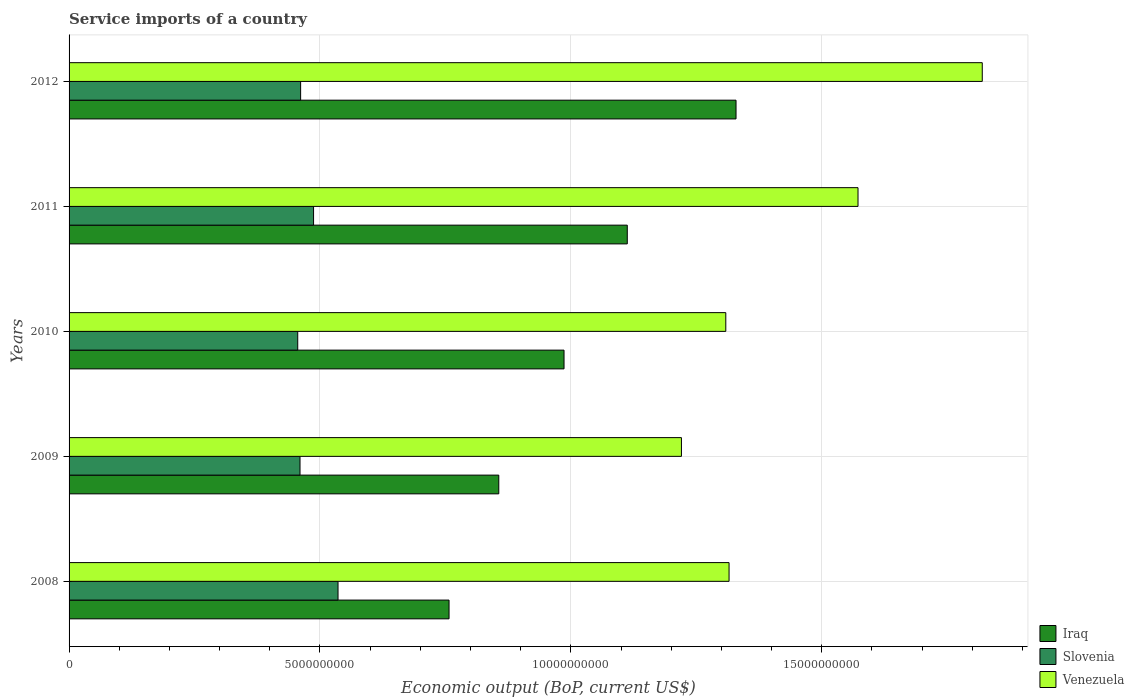How many different coloured bars are there?
Keep it short and to the point. 3. Are the number of bars per tick equal to the number of legend labels?
Ensure brevity in your answer.  Yes. How many bars are there on the 1st tick from the top?
Give a very brief answer. 3. How many bars are there on the 5th tick from the bottom?
Your response must be concise. 3. What is the label of the 5th group of bars from the top?
Provide a short and direct response. 2008. What is the service imports in Venezuela in 2009?
Offer a very short reply. 1.22e+1. Across all years, what is the maximum service imports in Slovenia?
Give a very brief answer. 5.36e+09. Across all years, what is the minimum service imports in Iraq?
Your response must be concise. 7.57e+09. What is the total service imports in Iraq in the graph?
Ensure brevity in your answer.  5.04e+1. What is the difference between the service imports in Iraq in 2008 and that in 2011?
Keep it short and to the point. -3.55e+09. What is the difference between the service imports in Venezuela in 2009 and the service imports in Iraq in 2012?
Ensure brevity in your answer.  -1.09e+09. What is the average service imports in Venezuela per year?
Your answer should be very brief. 1.45e+1. In the year 2010, what is the difference between the service imports in Iraq and service imports in Slovenia?
Provide a short and direct response. 5.31e+09. In how many years, is the service imports in Iraq greater than 12000000000 US$?
Ensure brevity in your answer.  1. What is the ratio of the service imports in Venezuela in 2010 to that in 2012?
Ensure brevity in your answer.  0.72. Is the service imports in Iraq in 2010 less than that in 2012?
Offer a terse response. Yes. What is the difference between the highest and the second highest service imports in Slovenia?
Keep it short and to the point. 4.88e+08. What is the difference between the highest and the lowest service imports in Slovenia?
Keep it short and to the point. 8.03e+08. In how many years, is the service imports in Slovenia greater than the average service imports in Slovenia taken over all years?
Your answer should be very brief. 2. Is the sum of the service imports in Venezuela in 2008 and 2010 greater than the maximum service imports in Iraq across all years?
Keep it short and to the point. Yes. What does the 1st bar from the top in 2010 represents?
Give a very brief answer. Venezuela. What does the 2nd bar from the bottom in 2008 represents?
Make the answer very short. Slovenia. How many bars are there?
Give a very brief answer. 15. Does the graph contain any zero values?
Give a very brief answer. No. Does the graph contain grids?
Your answer should be compact. Yes. How many legend labels are there?
Give a very brief answer. 3. What is the title of the graph?
Keep it short and to the point. Service imports of a country. Does "Kazakhstan" appear as one of the legend labels in the graph?
Give a very brief answer. No. What is the label or title of the X-axis?
Provide a short and direct response. Economic output (BoP, current US$). What is the label or title of the Y-axis?
Ensure brevity in your answer.  Years. What is the Economic output (BoP, current US$) of Iraq in 2008?
Your answer should be compact. 7.57e+09. What is the Economic output (BoP, current US$) in Slovenia in 2008?
Your answer should be very brief. 5.36e+09. What is the Economic output (BoP, current US$) in Venezuela in 2008?
Your answer should be very brief. 1.32e+1. What is the Economic output (BoP, current US$) of Iraq in 2009?
Your answer should be very brief. 8.56e+09. What is the Economic output (BoP, current US$) in Slovenia in 2009?
Offer a very short reply. 4.60e+09. What is the Economic output (BoP, current US$) in Venezuela in 2009?
Give a very brief answer. 1.22e+1. What is the Economic output (BoP, current US$) in Iraq in 2010?
Your response must be concise. 9.86e+09. What is the Economic output (BoP, current US$) of Slovenia in 2010?
Offer a very short reply. 4.56e+09. What is the Economic output (BoP, current US$) in Venezuela in 2010?
Your answer should be very brief. 1.31e+1. What is the Economic output (BoP, current US$) of Iraq in 2011?
Your answer should be compact. 1.11e+1. What is the Economic output (BoP, current US$) in Slovenia in 2011?
Keep it short and to the point. 4.87e+09. What is the Economic output (BoP, current US$) in Venezuela in 2011?
Keep it short and to the point. 1.57e+1. What is the Economic output (BoP, current US$) of Iraq in 2012?
Provide a short and direct response. 1.33e+1. What is the Economic output (BoP, current US$) in Slovenia in 2012?
Your response must be concise. 4.61e+09. What is the Economic output (BoP, current US$) of Venezuela in 2012?
Your response must be concise. 1.82e+1. Across all years, what is the maximum Economic output (BoP, current US$) in Iraq?
Your response must be concise. 1.33e+1. Across all years, what is the maximum Economic output (BoP, current US$) in Slovenia?
Give a very brief answer. 5.36e+09. Across all years, what is the maximum Economic output (BoP, current US$) in Venezuela?
Keep it short and to the point. 1.82e+1. Across all years, what is the minimum Economic output (BoP, current US$) of Iraq?
Provide a succinct answer. 7.57e+09. Across all years, what is the minimum Economic output (BoP, current US$) of Slovenia?
Your answer should be very brief. 4.56e+09. Across all years, what is the minimum Economic output (BoP, current US$) in Venezuela?
Provide a short and direct response. 1.22e+1. What is the total Economic output (BoP, current US$) of Iraq in the graph?
Offer a very short reply. 5.04e+1. What is the total Economic output (BoP, current US$) in Slovenia in the graph?
Offer a terse response. 2.40e+1. What is the total Economic output (BoP, current US$) in Venezuela in the graph?
Ensure brevity in your answer.  7.24e+1. What is the difference between the Economic output (BoP, current US$) in Iraq in 2008 and that in 2009?
Ensure brevity in your answer.  -9.91e+08. What is the difference between the Economic output (BoP, current US$) of Slovenia in 2008 and that in 2009?
Your answer should be very brief. 7.58e+08. What is the difference between the Economic output (BoP, current US$) in Venezuela in 2008 and that in 2009?
Provide a succinct answer. 9.49e+08. What is the difference between the Economic output (BoP, current US$) of Iraq in 2008 and that in 2010?
Your answer should be very brief. -2.29e+09. What is the difference between the Economic output (BoP, current US$) of Slovenia in 2008 and that in 2010?
Offer a terse response. 8.03e+08. What is the difference between the Economic output (BoP, current US$) of Venezuela in 2008 and that in 2010?
Your response must be concise. 6.50e+07. What is the difference between the Economic output (BoP, current US$) in Iraq in 2008 and that in 2011?
Provide a short and direct response. -3.55e+09. What is the difference between the Economic output (BoP, current US$) in Slovenia in 2008 and that in 2011?
Offer a terse response. 4.88e+08. What is the difference between the Economic output (BoP, current US$) of Venezuela in 2008 and that in 2011?
Offer a terse response. -2.57e+09. What is the difference between the Economic output (BoP, current US$) in Iraq in 2008 and that in 2012?
Offer a very short reply. -5.72e+09. What is the difference between the Economic output (BoP, current US$) in Slovenia in 2008 and that in 2012?
Make the answer very short. 7.45e+08. What is the difference between the Economic output (BoP, current US$) of Venezuela in 2008 and that in 2012?
Ensure brevity in your answer.  -5.05e+09. What is the difference between the Economic output (BoP, current US$) in Iraq in 2009 and that in 2010?
Ensure brevity in your answer.  -1.30e+09. What is the difference between the Economic output (BoP, current US$) in Slovenia in 2009 and that in 2010?
Your answer should be very brief. 4.56e+07. What is the difference between the Economic output (BoP, current US$) in Venezuela in 2009 and that in 2010?
Provide a short and direct response. -8.84e+08. What is the difference between the Economic output (BoP, current US$) in Iraq in 2009 and that in 2011?
Ensure brevity in your answer.  -2.56e+09. What is the difference between the Economic output (BoP, current US$) in Slovenia in 2009 and that in 2011?
Provide a short and direct response. -2.70e+08. What is the difference between the Economic output (BoP, current US$) of Venezuela in 2009 and that in 2011?
Offer a terse response. -3.52e+09. What is the difference between the Economic output (BoP, current US$) in Iraq in 2009 and that in 2012?
Your response must be concise. -4.73e+09. What is the difference between the Economic output (BoP, current US$) of Slovenia in 2009 and that in 2012?
Offer a terse response. -1.21e+07. What is the difference between the Economic output (BoP, current US$) in Venezuela in 2009 and that in 2012?
Provide a short and direct response. -6.00e+09. What is the difference between the Economic output (BoP, current US$) in Iraq in 2010 and that in 2011?
Keep it short and to the point. -1.26e+09. What is the difference between the Economic output (BoP, current US$) of Slovenia in 2010 and that in 2011?
Keep it short and to the point. -3.15e+08. What is the difference between the Economic output (BoP, current US$) of Venezuela in 2010 and that in 2011?
Offer a terse response. -2.64e+09. What is the difference between the Economic output (BoP, current US$) in Iraq in 2010 and that in 2012?
Provide a short and direct response. -3.43e+09. What is the difference between the Economic output (BoP, current US$) of Slovenia in 2010 and that in 2012?
Ensure brevity in your answer.  -5.78e+07. What is the difference between the Economic output (BoP, current US$) in Venezuela in 2010 and that in 2012?
Your response must be concise. -5.11e+09. What is the difference between the Economic output (BoP, current US$) of Iraq in 2011 and that in 2012?
Provide a succinct answer. -2.17e+09. What is the difference between the Economic output (BoP, current US$) of Slovenia in 2011 and that in 2012?
Give a very brief answer. 2.58e+08. What is the difference between the Economic output (BoP, current US$) in Venezuela in 2011 and that in 2012?
Make the answer very short. -2.48e+09. What is the difference between the Economic output (BoP, current US$) in Iraq in 2008 and the Economic output (BoP, current US$) in Slovenia in 2009?
Keep it short and to the point. 2.97e+09. What is the difference between the Economic output (BoP, current US$) of Iraq in 2008 and the Economic output (BoP, current US$) of Venezuela in 2009?
Your response must be concise. -4.63e+09. What is the difference between the Economic output (BoP, current US$) of Slovenia in 2008 and the Economic output (BoP, current US$) of Venezuela in 2009?
Your answer should be compact. -6.84e+09. What is the difference between the Economic output (BoP, current US$) of Iraq in 2008 and the Economic output (BoP, current US$) of Slovenia in 2010?
Give a very brief answer. 3.02e+09. What is the difference between the Economic output (BoP, current US$) of Iraq in 2008 and the Economic output (BoP, current US$) of Venezuela in 2010?
Provide a succinct answer. -5.52e+09. What is the difference between the Economic output (BoP, current US$) in Slovenia in 2008 and the Economic output (BoP, current US$) in Venezuela in 2010?
Offer a very short reply. -7.73e+09. What is the difference between the Economic output (BoP, current US$) in Iraq in 2008 and the Economic output (BoP, current US$) in Slovenia in 2011?
Offer a very short reply. 2.70e+09. What is the difference between the Economic output (BoP, current US$) of Iraq in 2008 and the Economic output (BoP, current US$) of Venezuela in 2011?
Keep it short and to the point. -8.15e+09. What is the difference between the Economic output (BoP, current US$) in Slovenia in 2008 and the Economic output (BoP, current US$) in Venezuela in 2011?
Offer a very short reply. -1.04e+1. What is the difference between the Economic output (BoP, current US$) in Iraq in 2008 and the Economic output (BoP, current US$) in Slovenia in 2012?
Provide a succinct answer. 2.96e+09. What is the difference between the Economic output (BoP, current US$) of Iraq in 2008 and the Economic output (BoP, current US$) of Venezuela in 2012?
Make the answer very short. -1.06e+1. What is the difference between the Economic output (BoP, current US$) in Slovenia in 2008 and the Economic output (BoP, current US$) in Venezuela in 2012?
Provide a succinct answer. -1.28e+1. What is the difference between the Economic output (BoP, current US$) of Iraq in 2009 and the Economic output (BoP, current US$) of Slovenia in 2010?
Keep it short and to the point. 4.01e+09. What is the difference between the Economic output (BoP, current US$) of Iraq in 2009 and the Economic output (BoP, current US$) of Venezuela in 2010?
Offer a very short reply. -4.52e+09. What is the difference between the Economic output (BoP, current US$) of Slovenia in 2009 and the Economic output (BoP, current US$) of Venezuela in 2010?
Ensure brevity in your answer.  -8.48e+09. What is the difference between the Economic output (BoP, current US$) in Iraq in 2009 and the Economic output (BoP, current US$) in Slovenia in 2011?
Keep it short and to the point. 3.69e+09. What is the difference between the Economic output (BoP, current US$) in Iraq in 2009 and the Economic output (BoP, current US$) in Venezuela in 2011?
Offer a terse response. -7.16e+09. What is the difference between the Economic output (BoP, current US$) of Slovenia in 2009 and the Economic output (BoP, current US$) of Venezuela in 2011?
Your response must be concise. -1.11e+1. What is the difference between the Economic output (BoP, current US$) in Iraq in 2009 and the Economic output (BoP, current US$) in Slovenia in 2012?
Offer a terse response. 3.95e+09. What is the difference between the Economic output (BoP, current US$) in Iraq in 2009 and the Economic output (BoP, current US$) in Venezuela in 2012?
Your answer should be compact. -9.63e+09. What is the difference between the Economic output (BoP, current US$) in Slovenia in 2009 and the Economic output (BoP, current US$) in Venezuela in 2012?
Provide a succinct answer. -1.36e+1. What is the difference between the Economic output (BoP, current US$) of Iraq in 2010 and the Economic output (BoP, current US$) of Slovenia in 2011?
Your answer should be very brief. 4.99e+09. What is the difference between the Economic output (BoP, current US$) of Iraq in 2010 and the Economic output (BoP, current US$) of Venezuela in 2011?
Offer a terse response. -5.86e+09. What is the difference between the Economic output (BoP, current US$) of Slovenia in 2010 and the Economic output (BoP, current US$) of Venezuela in 2011?
Offer a terse response. -1.12e+1. What is the difference between the Economic output (BoP, current US$) in Iraq in 2010 and the Economic output (BoP, current US$) in Slovenia in 2012?
Offer a terse response. 5.25e+09. What is the difference between the Economic output (BoP, current US$) of Iraq in 2010 and the Economic output (BoP, current US$) of Venezuela in 2012?
Your answer should be very brief. -8.33e+09. What is the difference between the Economic output (BoP, current US$) in Slovenia in 2010 and the Economic output (BoP, current US$) in Venezuela in 2012?
Provide a succinct answer. -1.36e+1. What is the difference between the Economic output (BoP, current US$) of Iraq in 2011 and the Economic output (BoP, current US$) of Slovenia in 2012?
Keep it short and to the point. 6.51e+09. What is the difference between the Economic output (BoP, current US$) in Iraq in 2011 and the Economic output (BoP, current US$) in Venezuela in 2012?
Your answer should be very brief. -7.07e+09. What is the difference between the Economic output (BoP, current US$) of Slovenia in 2011 and the Economic output (BoP, current US$) of Venezuela in 2012?
Ensure brevity in your answer.  -1.33e+1. What is the average Economic output (BoP, current US$) of Iraq per year?
Provide a short and direct response. 1.01e+1. What is the average Economic output (BoP, current US$) of Slovenia per year?
Give a very brief answer. 4.80e+09. What is the average Economic output (BoP, current US$) of Venezuela per year?
Offer a very short reply. 1.45e+1. In the year 2008, what is the difference between the Economic output (BoP, current US$) of Iraq and Economic output (BoP, current US$) of Slovenia?
Offer a terse response. 2.21e+09. In the year 2008, what is the difference between the Economic output (BoP, current US$) in Iraq and Economic output (BoP, current US$) in Venezuela?
Offer a terse response. -5.58e+09. In the year 2008, what is the difference between the Economic output (BoP, current US$) in Slovenia and Economic output (BoP, current US$) in Venezuela?
Your response must be concise. -7.79e+09. In the year 2009, what is the difference between the Economic output (BoP, current US$) of Iraq and Economic output (BoP, current US$) of Slovenia?
Ensure brevity in your answer.  3.96e+09. In the year 2009, what is the difference between the Economic output (BoP, current US$) of Iraq and Economic output (BoP, current US$) of Venezuela?
Keep it short and to the point. -3.64e+09. In the year 2009, what is the difference between the Economic output (BoP, current US$) in Slovenia and Economic output (BoP, current US$) in Venezuela?
Make the answer very short. -7.60e+09. In the year 2010, what is the difference between the Economic output (BoP, current US$) in Iraq and Economic output (BoP, current US$) in Slovenia?
Provide a short and direct response. 5.31e+09. In the year 2010, what is the difference between the Economic output (BoP, current US$) of Iraq and Economic output (BoP, current US$) of Venezuela?
Provide a short and direct response. -3.22e+09. In the year 2010, what is the difference between the Economic output (BoP, current US$) in Slovenia and Economic output (BoP, current US$) in Venezuela?
Provide a succinct answer. -8.53e+09. In the year 2011, what is the difference between the Economic output (BoP, current US$) of Iraq and Economic output (BoP, current US$) of Slovenia?
Provide a succinct answer. 6.25e+09. In the year 2011, what is the difference between the Economic output (BoP, current US$) in Iraq and Economic output (BoP, current US$) in Venezuela?
Your response must be concise. -4.60e+09. In the year 2011, what is the difference between the Economic output (BoP, current US$) in Slovenia and Economic output (BoP, current US$) in Venezuela?
Offer a terse response. -1.08e+1. In the year 2012, what is the difference between the Economic output (BoP, current US$) in Iraq and Economic output (BoP, current US$) in Slovenia?
Your response must be concise. 8.68e+09. In the year 2012, what is the difference between the Economic output (BoP, current US$) of Iraq and Economic output (BoP, current US$) of Venezuela?
Your answer should be very brief. -4.91e+09. In the year 2012, what is the difference between the Economic output (BoP, current US$) of Slovenia and Economic output (BoP, current US$) of Venezuela?
Offer a very short reply. -1.36e+1. What is the ratio of the Economic output (BoP, current US$) in Iraq in 2008 to that in 2009?
Provide a short and direct response. 0.88. What is the ratio of the Economic output (BoP, current US$) in Slovenia in 2008 to that in 2009?
Make the answer very short. 1.16. What is the ratio of the Economic output (BoP, current US$) in Venezuela in 2008 to that in 2009?
Give a very brief answer. 1.08. What is the ratio of the Economic output (BoP, current US$) of Iraq in 2008 to that in 2010?
Ensure brevity in your answer.  0.77. What is the ratio of the Economic output (BoP, current US$) in Slovenia in 2008 to that in 2010?
Your answer should be very brief. 1.18. What is the ratio of the Economic output (BoP, current US$) in Venezuela in 2008 to that in 2010?
Keep it short and to the point. 1. What is the ratio of the Economic output (BoP, current US$) of Iraq in 2008 to that in 2011?
Keep it short and to the point. 0.68. What is the ratio of the Economic output (BoP, current US$) in Slovenia in 2008 to that in 2011?
Keep it short and to the point. 1.1. What is the ratio of the Economic output (BoP, current US$) of Venezuela in 2008 to that in 2011?
Make the answer very short. 0.84. What is the ratio of the Economic output (BoP, current US$) in Iraq in 2008 to that in 2012?
Offer a very short reply. 0.57. What is the ratio of the Economic output (BoP, current US$) of Slovenia in 2008 to that in 2012?
Offer a terse response. 1.16. What is the ratio of the Economic output (BoP, current US$) of Venezuela in 2008 to that in 2012?
Your answer should be compact. 0.72. What is the ratio of the Economic output (BoP, current US$) of Iraq in 2009 to that in 2010?
Your answer should be very brief. 0.87. What is the ratio of the Economic output (BoP, current US$) in Venezuela in 2009 to that in 2010?
Make the answer very short. 0.93. What is the ratio of the Economic output (BoP, current US$) of Iraq in 2009 to that in 2011?
Keep it short and to the point. 0.77. What is the ratio of the Economic output (BoP, current US$) in Slovenia in 2009 to that in 2011?
Offer a terse response. 0.94. What is the ratio of the Economic output (BoP, current US$) in Venezuela in 2009 to that in 2011?
Your response must be concise. 0.78. What is the ratio of the Economic output (BoP, current US$) of Iraq in 2009 to that in 2012?
Offer a terse response. 0.64. What is the ratio of the Economic output (BoP, current US$) in Slovenia in 2009 to that in 2012?
Your answer should be compact. 1. What is the ratio of the Economic output (BoP, current US$) in Venezuela in 2009 to that in 2012?
Your response must be concise. 0.67. What is the ratio of the Economic output (BoP, current US$) of Iraq in 2010 to that in 2011?
Your answer should be very brief. 0.89. What is the ratio of the Economic output (BoP, current US$) of Slovenia in 2010 to that in 2011?
Provide a short and direct response. 0.94. What is the ratio of the Economic output (BoP, current US$) of Venezuela in 2010 to that in 2011?
Keep it short and to the point. 0.83. What is the ratio of the Economic output (BoP, current US$) of Iraq in 2010 to that in 2012?
Provide a short and direct response. 0.74. What is the ratio of the Economic output (BoP, current US$) of Slovenia in 2010 to that in 2012?
Provide a succinct answer. 0.99. What is the ratio of the Economic output (BoP, current US$) in Venezuela in 2010 to that in 2012?
Provide a succinct answer. 0.72. What is the ratio of the Economic output (BoP, current US$) in Iraq in 2011 to that in 2012?
Offer a very short reply. 0.84. What is the ratio of the Economic output (BoP, current US$) of Slovenia in 2011 to that in 2012?
Offer a terse response. 1.06. What is the ratio of the Economic output (BoP, current US$) in Venezuela in 2011 to that in 2012?
Make the answer very short. 0.86. What is the difference between the highest and the second highest Economic output (BoP, current US$) of Iraq?
Provide a short and direct response. 2.17e+09. What is the difference between the highest and the second highest Economic output (BoP, current US$) of Slovenia?
Your answer should be compact. 4.88e+08. What is the difference between the highest and the second highest Economic output (BoP, current US$) of Venezuela?
Your answer should be compact. 2.48e+09. What is the difference between the highest and the lowest Economic output (BoP, current US$) of Iraq?
Ensure brevity in your answer.  5.72e+09. What is the difference between the highest and the lowest Economic output (BoP, current US$) of Slovenia?
Offer a very short reply. 8.03e+08. What is the difference between the highest and the lowest Economic output (BoP, current US$) of Venezuela?
Keep it short and to the point. 6.00e+09.

* Task item *
Begin with the line above that has "Keep it short and to the point. -8.15e+09." and continue through the line that has "Offer a terse response. -7.16e+09.", setting each one down exactly. Stop there.

* Response area *
Keep it short and to the point. -8.15e+09. What is the difference between the Economic output (BoP, current US$) in Slovenia in 2008 and the Economic output (BoP, current US$) in Venezuela in 2011?
Offer a very short reply. -1.04e+1. What is the difference between the Economic output (BoP, current US$) in Iraq in 2008 and the Economic output (BoP, current US$) in Slovenia in 2012?
Provide a succinct answer. 2.96e+09. What is the difference between the Economic output (BoP, current US$) of Iraq in 2008 and the Economic output (BoP, current US$) of Venezuela in 2012?
Make the answer very short. -1.06e+1. What is the difference between the Economic output (BoP, current US$) in Slovenia in 2008 and the Economic output (BoP, current US$) in Venezuela in 2012?
Provide a succinct answer. -1.28e+1. What is the difference between the Economic output (BoP, current US$) of Iraq in 2009 and the Economic output (BoP, current US$) of Slovenia in 2010?
Keep it short and to the point. 4.01e+09. What is the difference between the Economic output (BoP, current US$) of Iraq in 2009 and the Economic output (BoP, current US$) of Venezuela in 2010?
Offer a very short reply. -4.52e+09. What is the difference between the Economic output (BoP, current US$) of Slovenia in 2009 and the Economic output (BoP, current US$) of Venezuela in 2010?
Ensure brevity in your answer.  -8.48e+09. What is the difference between the Economic output (BoP, current US$) in Iraq in 2009 and the Economic output (BoP, current US$) in Slovenia in 2011?
Keep it short and to the point. 3.69e+09. What is the difference between the Economic output (BoP, current US$) in Iraq in 2009 and the Economic output (BoP, current US$) in Venezuela in 2011?
Offer a terse response. -7.16e+09. What is the difference between the Economic output (BoP, current US$) of Slovenia in 2009 and the Economic output (BoP, current US$) of Venezuela in 2011?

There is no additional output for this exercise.